- French: Louis 19, le roi des ondes
- Directed by: Michel Poulette
- Written by: Sylvie Bouchard; Émile Gaudreault; Michel Michaud; Michel Poulette;
- Produced by: Jacques Dorfmann; Pierre Laberge;
- Starring: Martin Drainville; Agathe de La Fontaine; Dominique Michel; Benoît Brière;
- Cinematography: Daniel Jobin
- Edited by: Denis Papillon
- Music by: Jean-Marie Benoît
- Distributed by: Malofilm
- Release date: 1 April 1994;
- Running time: 95 minutes
- Country: Canada
- Language: French
- Box office: C$1.8 million (Canada)

= Louis 19, King of the Airwaves =

Louis 19, King of the Airwaves (Louis 19, le roi des ondes) is a Canadian comedy film, released in April 1994.

The film stars Martin Drainville as Louis Jobin, a television fanatic who wins a contest to be on television. Unbeknownst to him, however, his prize is to become a reality show: he is followed around by a cameraman 24 hours a day for three months, and when his life doesn't make for compelling viewing, the show's producers decide to manipulate his life to make the show more exciting.
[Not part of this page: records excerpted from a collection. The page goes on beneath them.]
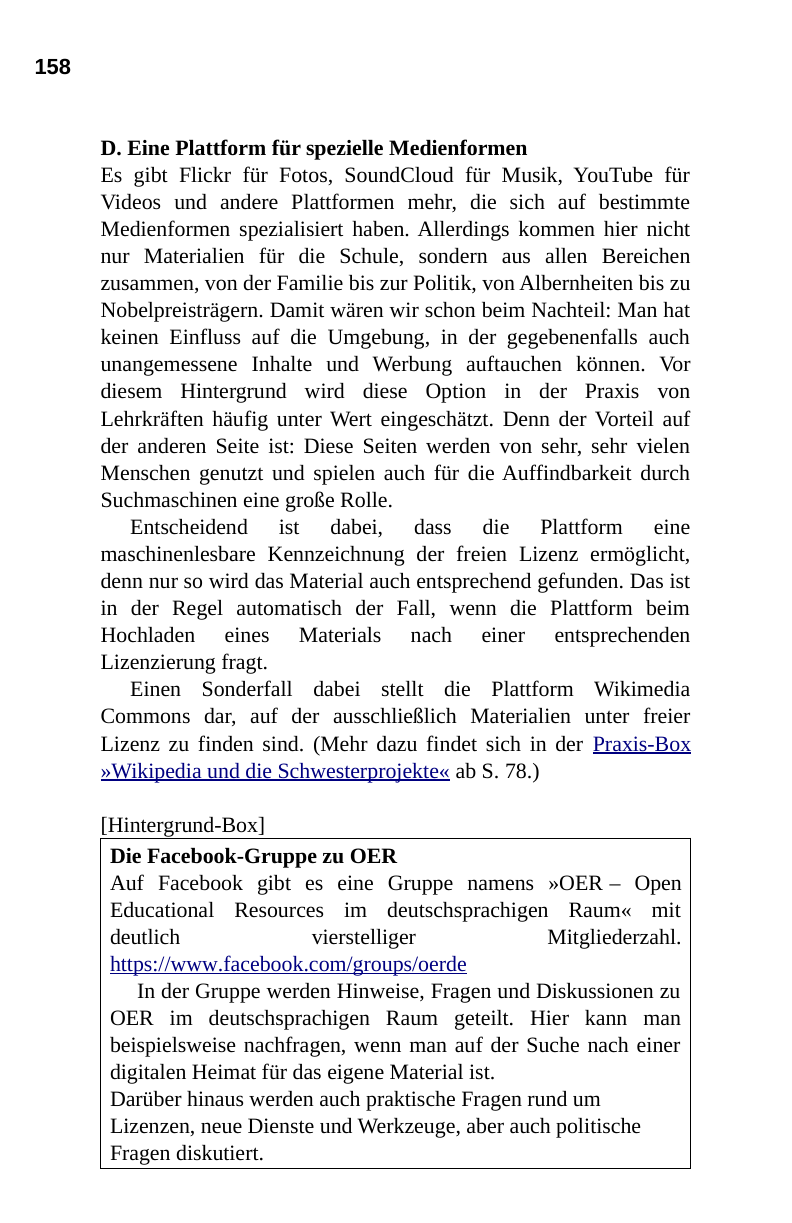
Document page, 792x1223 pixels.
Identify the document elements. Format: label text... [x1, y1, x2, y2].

text Auf Facebook gibt es eine Gruppe namens »OER – Open Educational Resources im deutschsprachigen Raum« mit deutlich vierstelliger Mitgliederzahl. https://www.facebook.com/groups/oerde [101, 865, 690, 973]
text Die Facebook-Gruppe zu OER [101, 839, 690, 865]
text Es gibt Flickr für Fotos, SoundCloud für Musik, YouTube für Videos und andere Plattformen mehr, die sich auf bestimmte Medienformen spezialisiert haben. Allerdings kommen hier nicht nur Materialien für die Schule, sondern aus allen Bereichen zusammen, von der Familie bis zur Politik, von Albernheiten bis zu Nobelpreisträgern. Damit wären wir schon beim Nachteil: Man hat keinen Einfluss auf die Umgebung, in der gegebenenfalls auch unangemessene Inhalte und Werbung auftauchen können. Vor diesem Hintergrund wird diese Option in der Praxis von Lehrkräften häufig unter Wert eingeschätzt. Denn der Vorteil auf der anderen Seite ist: Diese Seiten werden von sehr, sehr vielen Menschen genutzt und spielen auch für die Auffindbarkeit durch Suchmaschinen eine große Rolle. [100, 161, 691, 513]
text [Hintergrund-Box] [100, 811, 691, 838]
text In der Gruppe werden Hinweise, Fragen und Diskussionen zu OER im deutschsprachigen Raum geteilt. Hier kann man beispielsweise nachfragen, wenn man auf der Suche nach einer digitalen Heimat für das eigene Material ist. [101, 973, 690, 1081]
subtitle Darüber hinaus werden auch praktische Fragen rund um Lizenzen, neue Dienste und Werkzeuge, aber auch politische Fragen diskutiert. [101, 1081, 690, 1168]
text Einen Sonderfall dabei stellt die Plattform Wikimedia Commons dar, auf der ausschließlich Materialien unter freier Lizenz zu finden sind. (Mehr dazu findet sich in der Praxis-Box »Wikipedia und die Schwesterprojekte« ab S. 82.) [100, 675, 691, 783]
text Entscheidend ist dabei, dass die Plattform eine maschinenlesbare Kennzeichnung der freien Lizenz ermöglicht, denn nur so wird das Material auch entsprechend gefunden. Das ist in der Regel automatisch der Fall, wenn die Plattform beim Hochladen eines Materials nach einer entsprechenden Lizenzierung fragt. [100, 513, 691, 675]
subtitle D. Eine Plattform für spezielle Medienformen [100, 133, 691, 161]
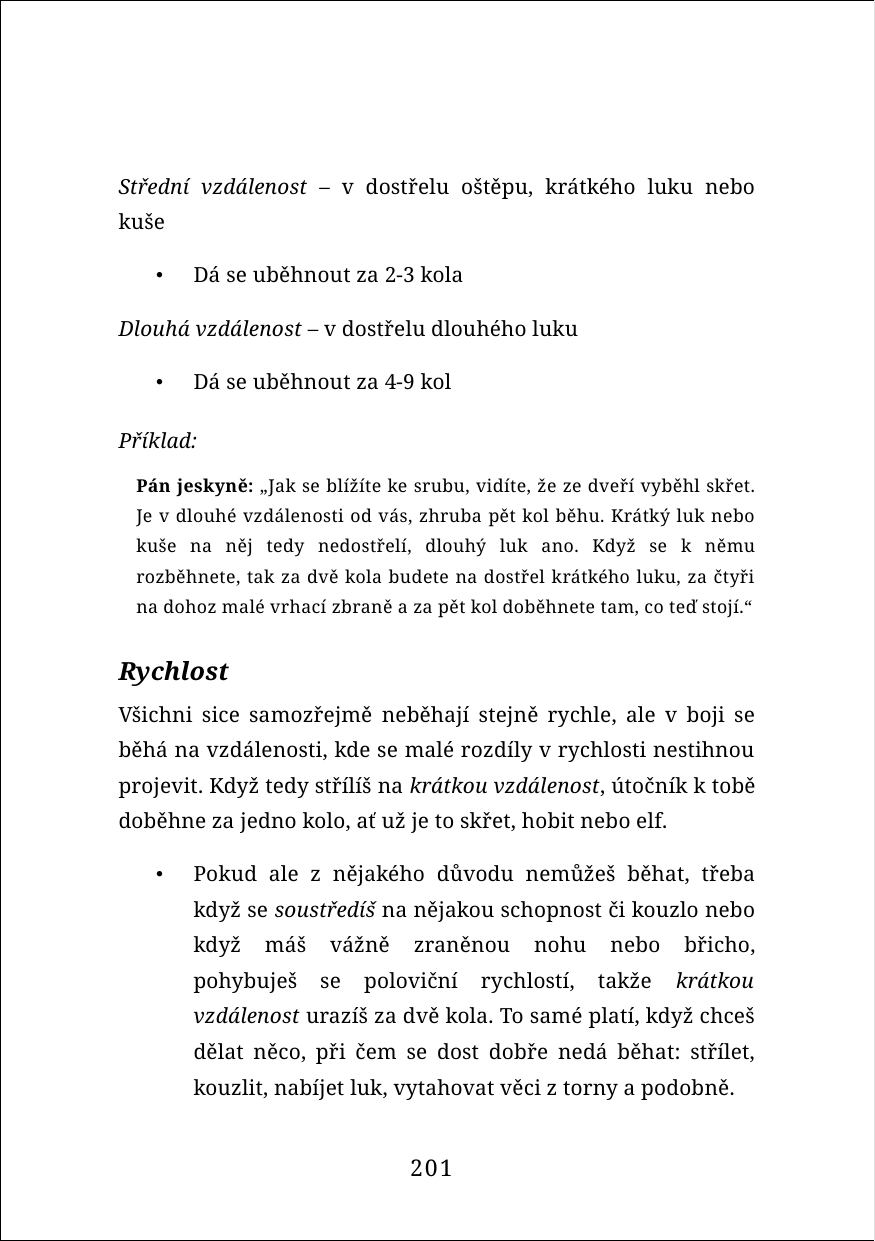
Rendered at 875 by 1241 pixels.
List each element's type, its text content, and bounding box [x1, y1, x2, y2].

text Všichni sice samozřejmě neběhají stejně rychle, ale v boji se běhá na vzdálenosti, kde se malé rozdíly v rychlosti nestihnou projevit. Když tedy střílíš na krátkou vzdálenost, útočník k tobě doběhne za jedno kolo, ať už je to skřet, hobit nebo elf. [118, 700, 756, 835]
text Pán jeskyně: „Jak se blížíte ke srubu, vidíte, že ze dveří vyběhl skřet. Je v dlouhé vzdálenosti od vás, zhruba pět kol běhu. Krátký luk nebo kuše na něj tedy nedostřelí, dlouhý luk ano. Když se k němu rozběhnete, tak za dvě kola budete na dostřel krátkého luku, za čtyři na dohoz malé vrhací zbraně a za pět kol doběhnete tam, co teď stojí.“ [136, 473, 756, 618]
list Pokud ale z nějakého důvodu nemůžeš běhat, třeba když se soustředíš na nějakou schopnost či kouzlo nebo když máš vážně zraněnou nohu nebo břicho, pohybuješ se poloviční rychlostí, takže krátkou vzdálenost urazíš za dvě kola. To samé platí, když chceš dělat něco, při čem se dost dobře nedá běhat: střílet, kouzlit, nabíjet luk, vytahovat věci z torny a podobně. [156, 859, 756, 1101]
text Příklad: [118, 426, 756, 454]
list Dá se uběhnout za 4-9 kol [156, 367, 756, 395]
text Dlouhá vzdálenost – v dostřelu dlouhého luku [118, 314, 756, 342]
text Střední vzdálenost – v dostřelu oštěpu, krátkého luku nebo kuše [118, 172, 756, 236]
subtitle Rychlost [118, 654, 756, 688]
list Dá se uběhnout za 2-3 kola [156, 261, 756, 289]
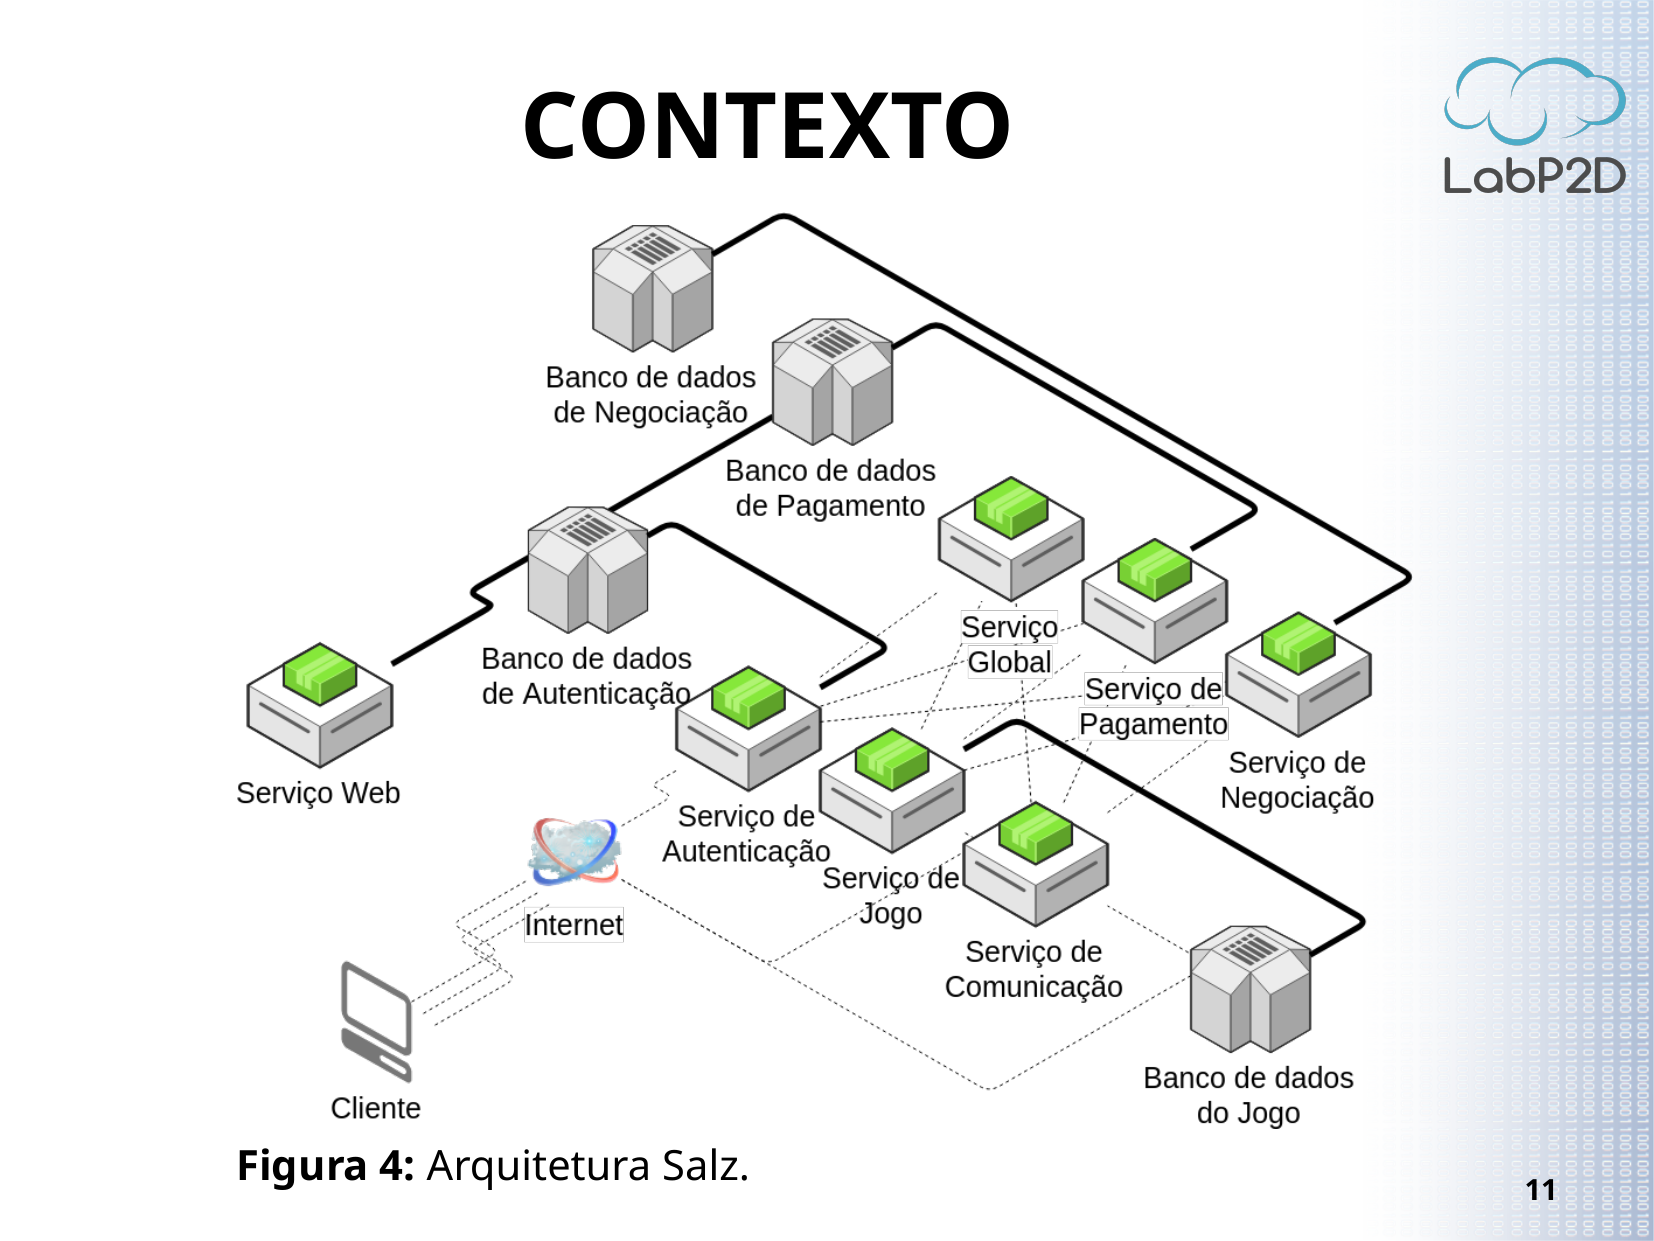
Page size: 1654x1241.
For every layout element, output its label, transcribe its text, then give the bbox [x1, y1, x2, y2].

title CONTEXTO [82, 19, 1453, 227]
picture [236, 1, 1654, 1240]
text_box Figura 4: Arquitetura Salz. [221, 1128, 1435, 1191]

The film was directed by Michel Poulette, and written by Poulette, Sylvie Bouchard, Michel Michaud and Émile Gaudreault. It won the Golden Reel Award as the year's top-grossing film in Canada.

==Cast==
- Martin Drainville : Louis Jobin
- Zenhu Han : Sam Ying
- Chantal Fontaine : la reporter
- Gilbert Lachance : Remi
- Jean L'Italien : Roger
- Dominique Michel : Aline Jobin
- Alexandra Boulianne : une chanteuse de la chorale
- Mireille Thibault : une chanteuse de la chorale
- Sylvie Bouchard : une chanteuse de la chorale
- Yves Jacques : Michel Gobeil
- Carol Jones : une gardienne de sécurité
- Patricia Tulasne : Charlotte Dubreuil
- Marcela Seguel : Marie-Laurence Despins
- Stephanie Laplante : scripte télé
- Pierre Paquin : réalisateur télé
- Guillaume Lemay-Thivierge : le technicien de la régie
- Agathe de La Fontaine : Julie Leduc
- Marie-Claude Robitaille: Guylaine
- Sonia Laplante: Josée
- Benoît Brière: Caméraman

==Release==
The film opened on 34 screens in Quebec on April 1, 1994.

==Reception==
The film grossed $194,732 in its opening weekend It went on to win the Golden Reel Award for the year's top-grossing film in Canada, even though it was only released in Quebec, with a gross of C$1.8 million.

==Awards==
The film won the Claude Jutra Award for the best feature film by a first-time Canadian film director. It was also a nominee for Best Motion Picture, but lost to Exotica.

==Remake==
The 1999 American film EDtv was an adaptation of Louis 19.